In September 2023, Kwon was selected as a finalist for the Inaugural CFDA x Genesis House AAPI Design and Innovation Grant Fund in partnership with Genesis in 2023.

==Appearances==
At the 2023 Independent Spirit Awards, Regina Hall wore a design by Kwon. At the premiere of "Shazam! Fury of the Gods", Lucy Liu wore a custom gown by Kwon. In March 2023 at the Elton John Aids Foundation Oscars Viewing Party, Sophia Bush wore Kwon's gown to the event. Ashley Park wore a custom gown by Kwon to Vogue Singapore's NEXT IN VOGUE Gala.

Music, notably from Andrea Bocelli and his mother, has been cited by Kwon as a significant inspiration for his designs. Singer Loren Allred wore Kwon’s designs during the Andrea Bocelli 2021Tour.

Jessica Jung wore Kwon's design in Manhattan, New York. Son Tae Young wore Kwon's design attending his show in October 2023 documented on YouTube.
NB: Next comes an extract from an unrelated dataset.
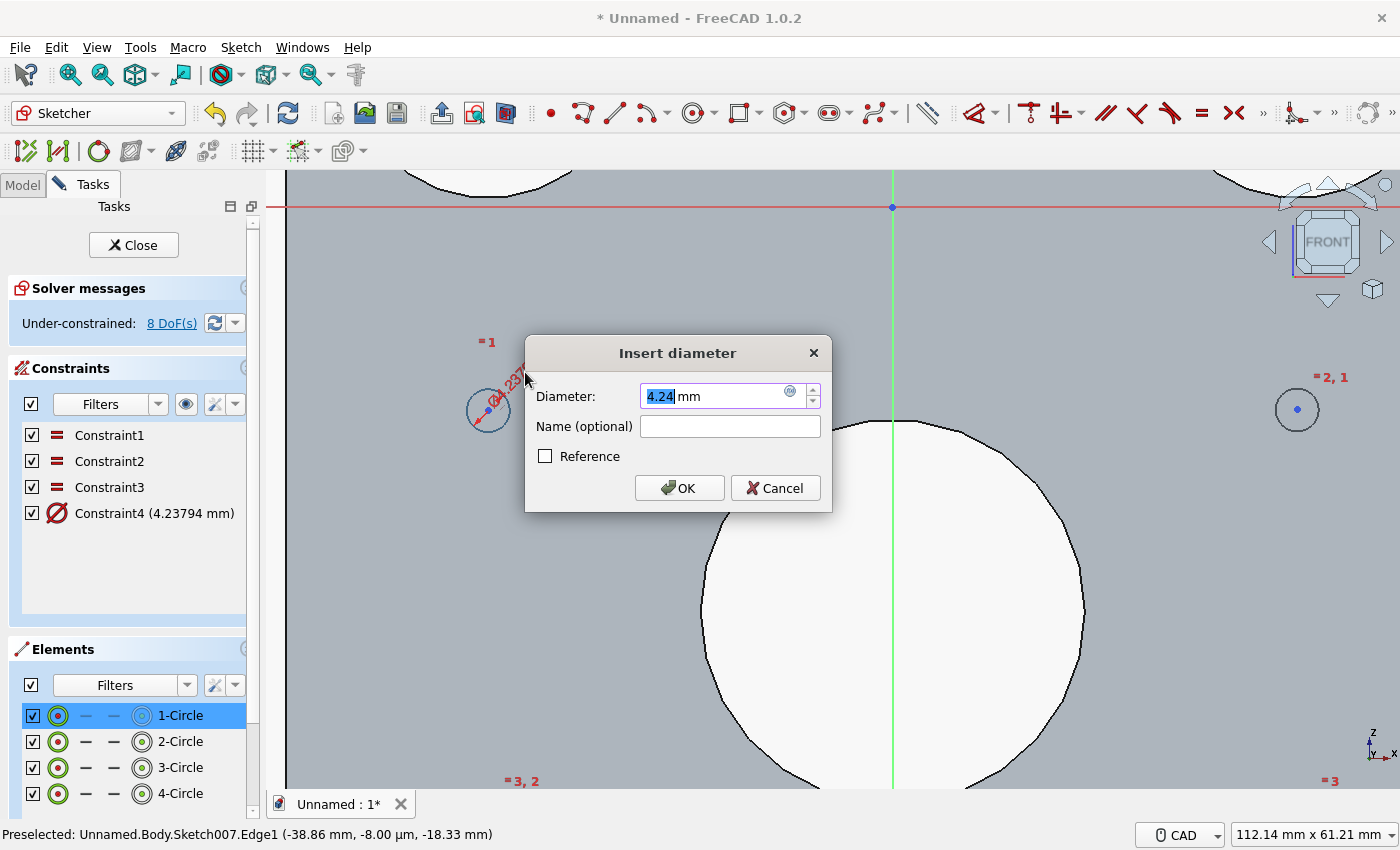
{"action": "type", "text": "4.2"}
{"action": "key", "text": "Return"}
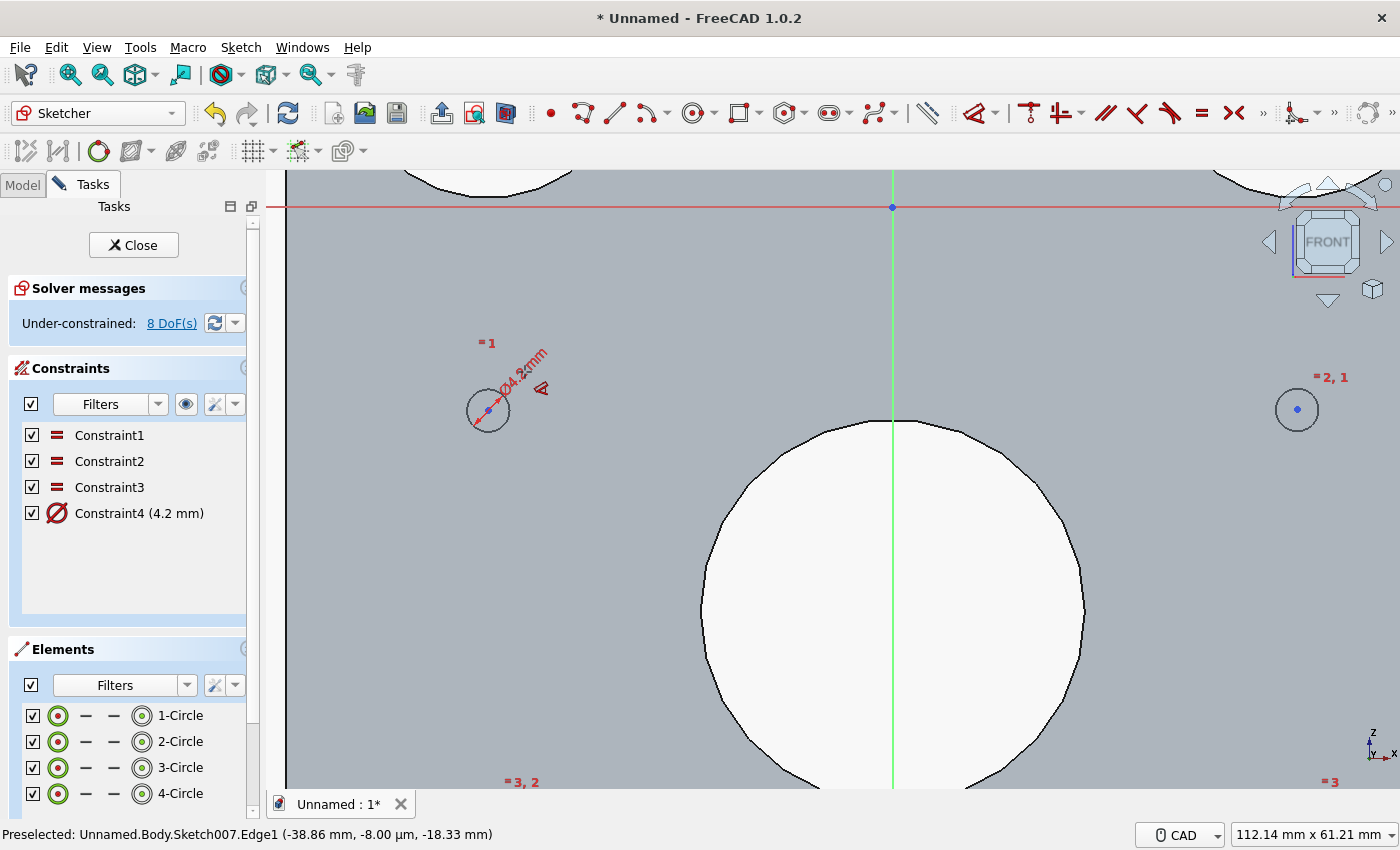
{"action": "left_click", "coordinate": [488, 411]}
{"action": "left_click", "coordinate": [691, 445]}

Lana Condor wore Kwon's design to the 2023 Unforgettable Gala held in Beverly Hills, California.

Actress Constance Wu, notable for one of many box office hits including her role as Rachel Chu in Crazy Rich Asians and as Destiny in Hustlers alongside co-star Jennifer Lopez wore Kwon's design for her honoring at Apex For Youth's 23rd Inspiration Awards Gala in April 2024, past honorees include Eileen Gu, Connie Chung, Eva Chen, Awkwafina, and Gemma Chan.

Killers of the Flower Moon, Actress Lily Gladstone, wore a black velvet gown by Kwon to the Irish Film & Academy Awards with a hummingbird detail that Gladstone says was symbolic of her father's name in Blackfeet.

Kwon made an appearance as himself on Netflix in Super Rich In Korea as a friend of cast member Aren Yoo (Yoo Hee-ra).

Chrissy Teigen wore Andrew Kwon to the Fourth Annual 2024 Academy Museum Gala alongside husband John Legend.

==Personal life==
Kwon's full name is Andrew "Jun O" Kwon. As an Asian American, Kwon participates in dialogues concerning the Asian American and Pacific Islander (AAPI) community.